By JULIE MORAN ALTERIO
THE JOURNAL NEWS
(Original publication: January 26, 2003)
Don't have time to surf the Web for the latest news? A blogger can do it for you.
Whatever your interest — be it computers, politics or former child TV stars — there's a Web log out there with links to news about the topic.
Be prepared for an idiosyncratic tour of the Web.
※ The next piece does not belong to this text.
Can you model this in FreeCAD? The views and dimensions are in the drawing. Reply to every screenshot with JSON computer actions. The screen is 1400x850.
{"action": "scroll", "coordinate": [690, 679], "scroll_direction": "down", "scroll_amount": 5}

Bloggers express themselves both in their choice of links and the comments they make about the news.
The result is something completely different from mainstream media, says J.D. Lasica, senior editor for the Online Journalism Review and media columnist for the American Journalism Review.
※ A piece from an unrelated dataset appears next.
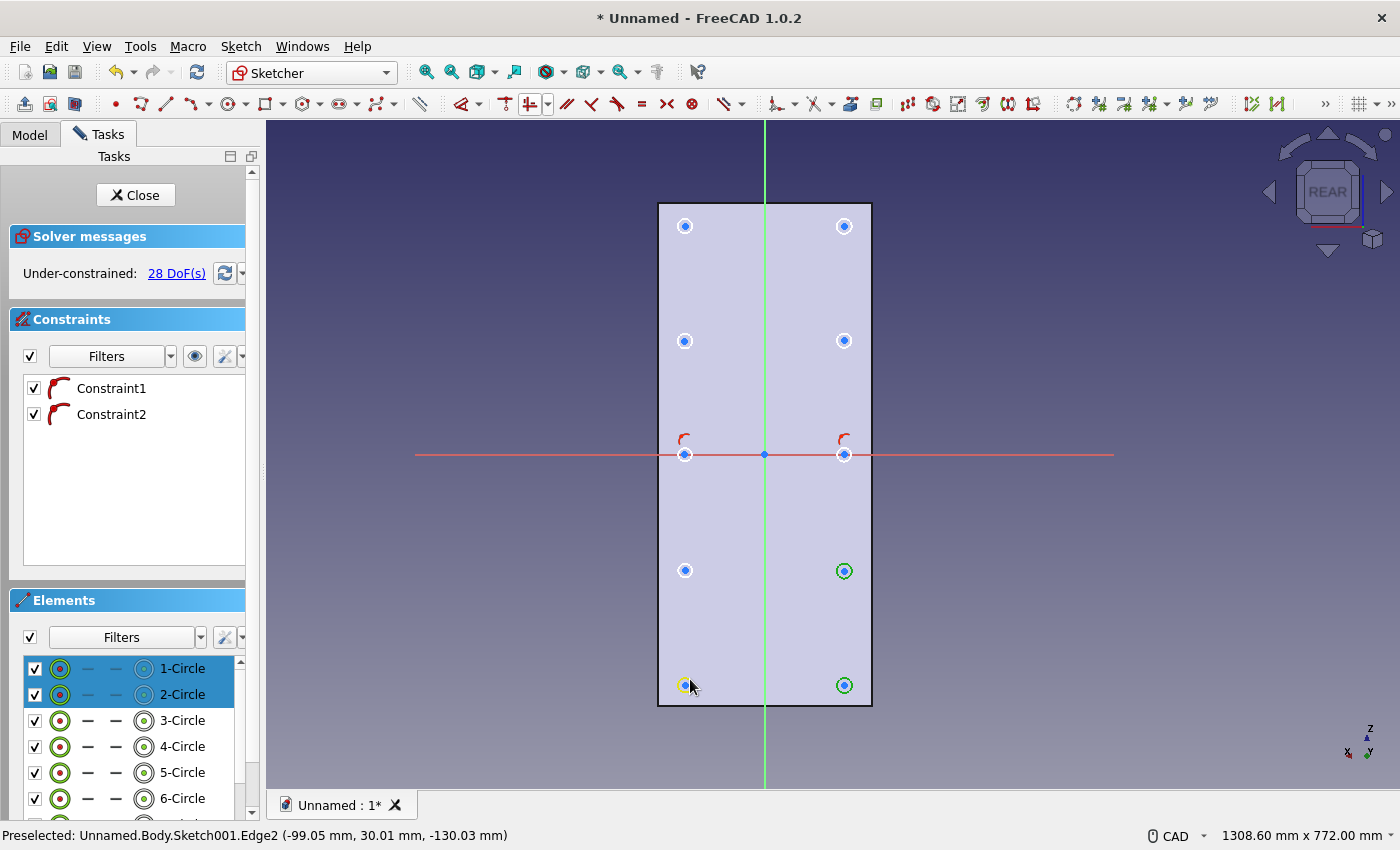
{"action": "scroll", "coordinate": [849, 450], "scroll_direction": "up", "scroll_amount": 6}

"Now comes a new form of communication and interaction — more informal, less polished, but often more genuine and full of insights and points of view that often escape the conventional punditocracy," he says.
With Web logs, anyone with an Internet connection can be a printing press, publishing to an audience the size of the entire online world.
If Webster's says journalism is the gathering, writing, editing and publishing of news, do Web logs qualify?
"Absolutely," says Dan Gillmor, technology columnist for the San Jose Mercury News in Silicon Valley. "Many bloggers apply techniques and standards that professional journalists apply."
Gillmor says his blog complements his reporting. "The blog gives me another way to interact with my readers," he says.
Most bloggers aren't journalists, Lasica says, "but many do perform a journalistic role."
"They take part in the editorial function of selecting newsworthy and interesting topics, they add analysis, insight and commentary, and occasionally they provide a first-person report about an event, a trend, a subject," Lasica says.
Even so, only a few bloggers engage in the first-person reporting typical of journalism, notes Web log expert Rebecca Blood.
"A reporter tries, to the best of their ability, to construct the whole story by seeking out a variety of witnesses and experts, and to convey that story as accurately as possible, for a general audience. Webloggers have no such mandate, nor should they. They are in the business of selecting links they think are interesting or important, and they make no pretense of being objective," says Blood, author of "The Weblog Handbook: Practical Advice on Creating and Maintaining Your Blog."
Blogs would be weakened by the mandates of impartial journalism, Blood contends. "We are strongest outside the traditional channels, as commentators on what the media reports, and how they report it," she says.
Unlike mainstream journalists whose authority rests in the imprimatur of an established news outlet, bloggers gain credibility from their track record alone.
"If they're credible and have something valuable to contribute to the public arena, people will return," Lasica says.
Some mainstream journalists, like technology writer Paul Boutin, write a blog to become more tangible to readers. Boutin, whose work has appeared in Wired, Slate and Salon, accepts that most of the audience he writes for uses the Internet as their primary source of information.
"I've no interest in becoming another loose cannon Net celebrity," Boutin says. "But having my own spot on the Net seemed like a good way to appear as a person rather than just a byline to my readers — avoiding that old image of the sniveling journalist hiding behind his typewriter."